Re: Linux locks up (100+ node network; Have tried different kernels,

kernellist@source.intac.net
Mon, 15 Oct 2001 13:59:51 -0400 (EDT)


I have disabled APIC on a few select boxes by lilo.conf (appedning
'noapic'). But, on the boxes that I have disabled APIC on I get a ton of
these messages:

kernel: stuck on TLB IPI wait (CPU#3)
kernel: eth0: card reports no resources.

Also, I am not sure why this is happening, but this is how my day has gone
today(8 hung boxes, which I needed to reboot):

1. Server crashed
2. Call our Colo facility and try to see if any response; No
response.
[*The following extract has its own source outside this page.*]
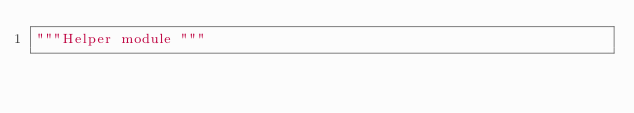<code> <loc_0><loc_0><loc_500><loc_500><_Python_>"""Helper module """
</code> 
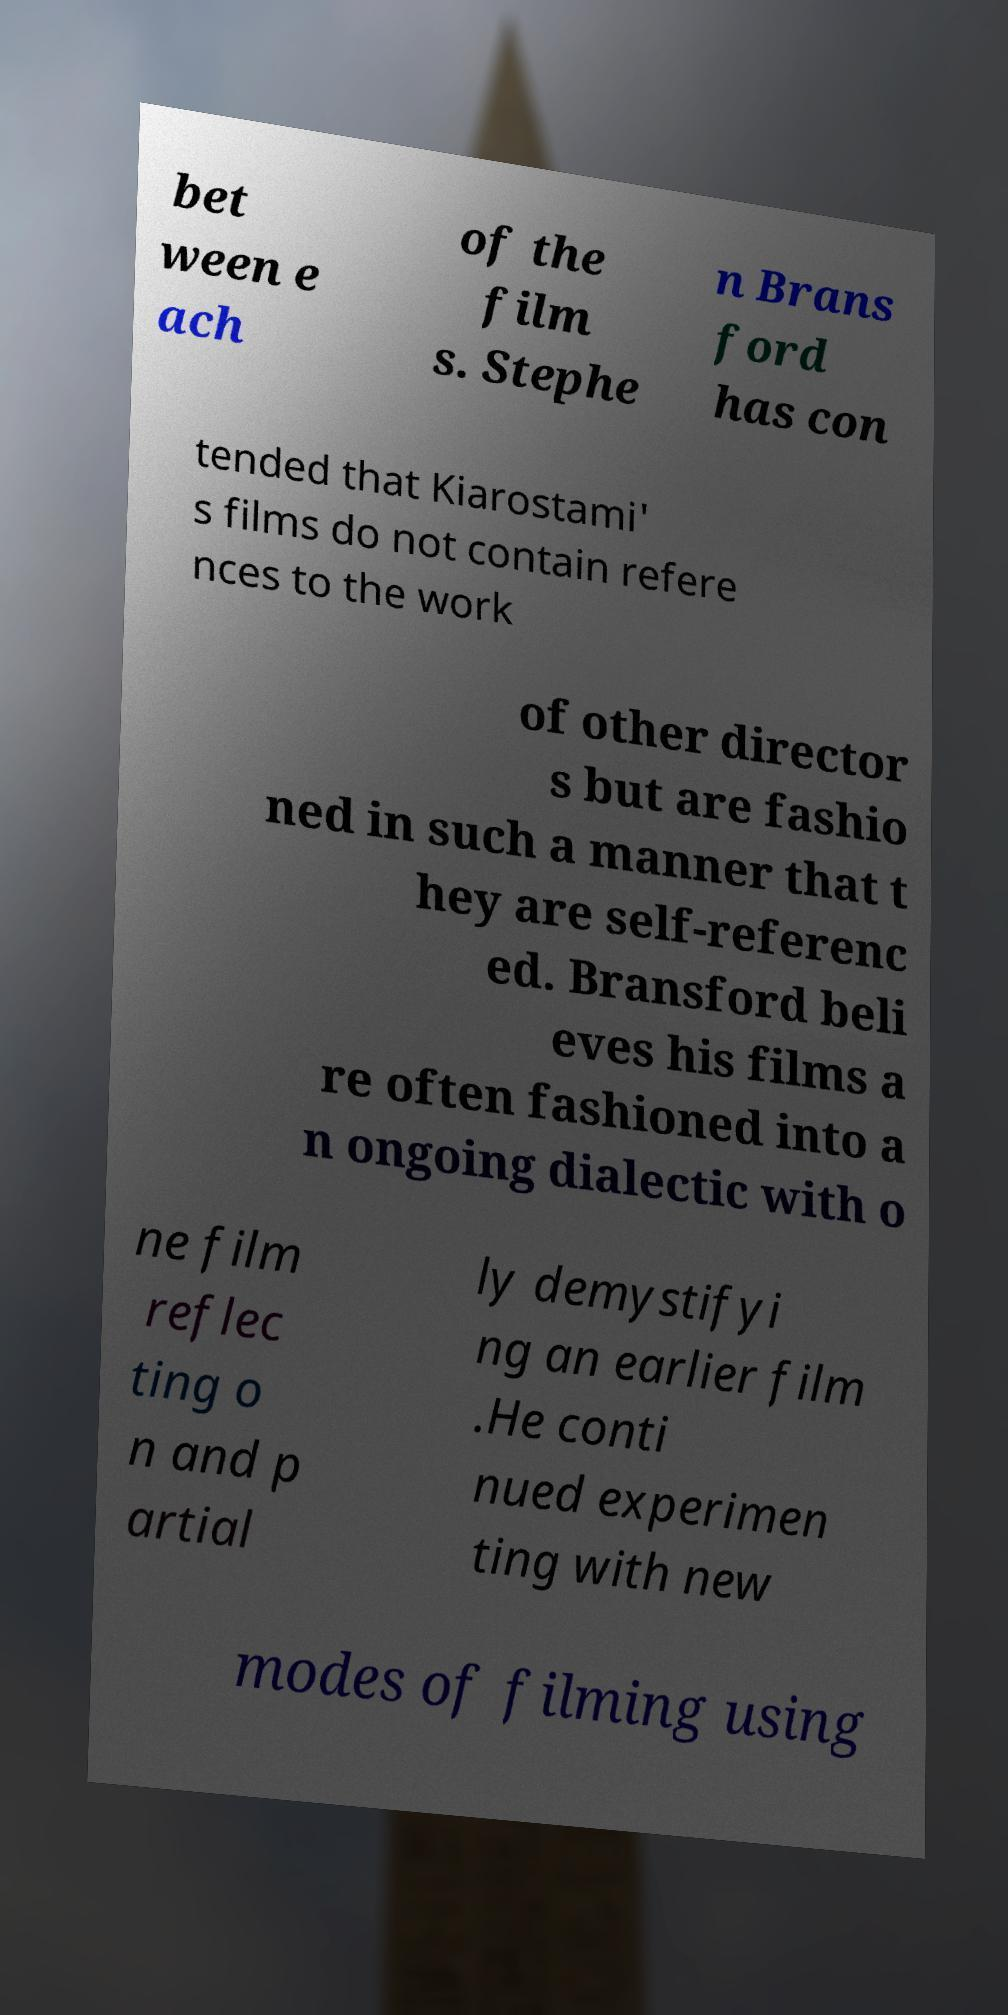I need the written content from this picture converted into text. Can you do that? bet ween e ach of the film s. Stephe n Brans ford has con tended that Kiarostami' s films do not contain refere nces to the work of other director s but are fashio ned in such a manner that t hey are self-referenc ed. Bransford beli eves his films a re often fashioned into a n ongoing dialectic with o ne film reflec ting o n and p artial ly demystifyi ng an earlier film .He conti nued experimen ting with new modes of filming using

Machine is on, no disk activity, no kb input.
3. Colo reboots the machine
4. Machine boots up and runs fsck for about ~40min+ (we use many many
inodes)
5. Machines finishes fsck, and is pingable/usable
6. New hosts goes down

It's loop..Thats how my day has gone. I am having my Colo to some power
tetsing, but I dont believe this to be an issue with power at all(we are
well within limits, and the Colo will be running testing and even more
monitoring on our power).

All these boxes are same hardware(look below in my initial email).

Anyone have any ideas? I still cant say if 'noapic' mode is working for
me(its only been 24hours since I made those changes to 5 hosts). These are
IBM X Series 330 machines, dual PIII, 1.8gig ram, 2 x 36gig, Intel
Eepro(Intel 82557 (rev 8)). Any more info needed?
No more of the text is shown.